Dahulu kala pada masa penjajahan Belanda, lokasi Telaga Senggreng masih
berupa tebing yang dibawahnya mengalir sungai kecil nan jernih yang berasal
dari sumber air yang banyak berada di sekitar tebing itu. Sumber yang paling
besar disebut Sumber Kromoleo. Agar pemanfaatan air dapat maksimal, antara lain
untuk pertanian, perikanan, tempat mandi penduduk sekitar dan tempat bersantai
melepas lelah bagi penduduk sekitar yang seharian bekerja keras menggarap lahan
pertaniannya dan lain-lain, pemerintah Hindia Belanda melalui assisten Wedono
yang waktu itu penduduk biasa menyebut ndoro Sten (sekarang Camat)

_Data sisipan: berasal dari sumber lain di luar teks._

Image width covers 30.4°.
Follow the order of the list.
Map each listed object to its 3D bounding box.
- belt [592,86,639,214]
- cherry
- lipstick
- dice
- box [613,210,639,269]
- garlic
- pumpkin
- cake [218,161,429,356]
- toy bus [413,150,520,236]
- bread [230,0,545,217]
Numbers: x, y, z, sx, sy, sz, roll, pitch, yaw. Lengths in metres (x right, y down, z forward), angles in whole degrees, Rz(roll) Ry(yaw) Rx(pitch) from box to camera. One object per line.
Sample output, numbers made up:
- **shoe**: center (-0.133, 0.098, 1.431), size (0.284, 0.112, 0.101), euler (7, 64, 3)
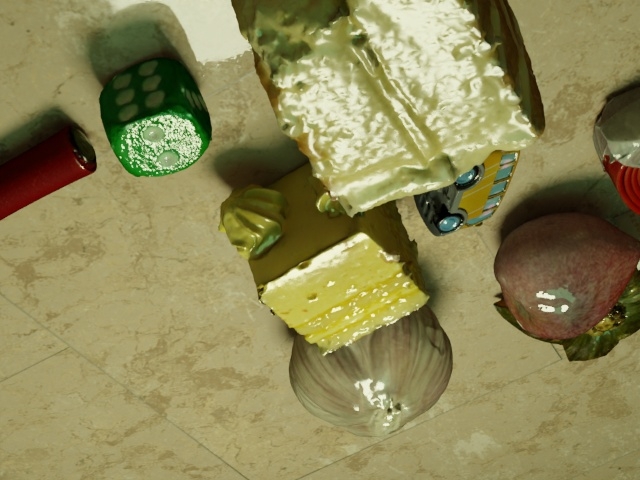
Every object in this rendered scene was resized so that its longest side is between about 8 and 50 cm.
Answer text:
- **belt**: center (0.591, -0.150, 1.948), size (0.323, 0.115, 0.227), euler (20, 126, -36)
- **cherry**: center (0.426, 0.049, 2.064), size (0.239, 0.206, 0.239), euler (-12, 114, -30)
- **lipstick**: center (-0.444, -0.084, 1.725), size (0.241, 0.080, 0.080), euler (-27, 138, 12)
- **dice**: center (-0.232, -0.173, 1.652), size (0.131, 0.128, 0.120), euler (-21, 137, 9)
- **box**: center (0.642, -0.040, 2.079), size (0.220, 0.122, 0.032), euler (-25, 132, 12)
- **garlic**: center (0.085, 0.218, 2.095), size (0.317, 0.259, 0.317), euler (-12, 142, -10)
- **pumpkin**: center (0.520, 0.126, 2.248), size (0.290, 0.095, 0.258), euler (-35, 132, 16)
- **cake**: center (0.000, 0.000, 1.847), size (0.227, 0.222, 0.286), euler (-30, 137, 14)
- **toy bus**: center (0.233, -0.110, 1.875), size (0.136, 0.126, 0.209), euler (-9, 140, -21)
- **bread**: center (0.074, -0.294, 1.431), size (0.279, 0.390, 0.371), euler (-19, 142, 17)

memerintahkan (Dawuh dalam bahasa Jawa) kepada penduduk sekitar untuk
membuat tanggul guna membendung sungai limpahan sumber air terutama sumber
Kromoleo agar menjadi Waduk yang airnya dapat dimanfaatkan untuk berbagai
keperluan.
Atas adanya perintah (dawuh) dari ndoro sten
tersebut, maka masyarakat sekitar terutama warga Desa Senggreng
bergotong-royong mengadakan kerja bakti membuat tanggul yang bahan-bahannya
terdiri dari Ijuk ( dalam bahasa jawa disebut Duk), tanah uruk
dan lain-lain, maka jadilah waduk tersebut seperti yang sekarang ini, dan
daerah sekitar waduk tersebut hingga saat ini disebut NDAWUHAN asal kata dari Dawuh
yang berarti perintah (perintah untuk membuat tanggul dari ndoro Sten).
Tentang nama dari waduk itu sendiri ada beberapa nama yang sering
disebut orang-orang, yaitu : Waduk Dawuhan, Rowo Kromoleo, Tanggul Duk Tumpuk,
dan lain-lain. Beberapa sebutan itulah orang-orang sekitar waduk menyebut
daerah tersebut. Tetapi sebutan itu kurang dikenal oleh masyarakat luar desa.
Sebutan waduk dengan nama “Rowo” sebetulnya tidak tepat, karena rawa identik
dengan tanah lembek yang jika terinjak akan menyeret penginjaknya masuk dalam
tanah. Pada waduk tersebut adalah merupakan genangan air bening yang berasal
dari sumber air yang jernih. Oleh sebab itu dengan maksud agar masyarakat luar
daerah lebih mudah mengenal letak daerah itu, dan agar tidak kedengaran serem,
penulis lebih condong dengan sebutan Sang “Telaga Senggreng”. Lalu kenapa pada
waktu bergotong-royong yang paling banyak terlibat adalah penduduk desa
Senggreng ? Ya karena yang punya gawe adalah orang Senggreng, untuk keperluan
mengairi lahan pertanian di Desa Senggreng (seluas + 52 Ha.).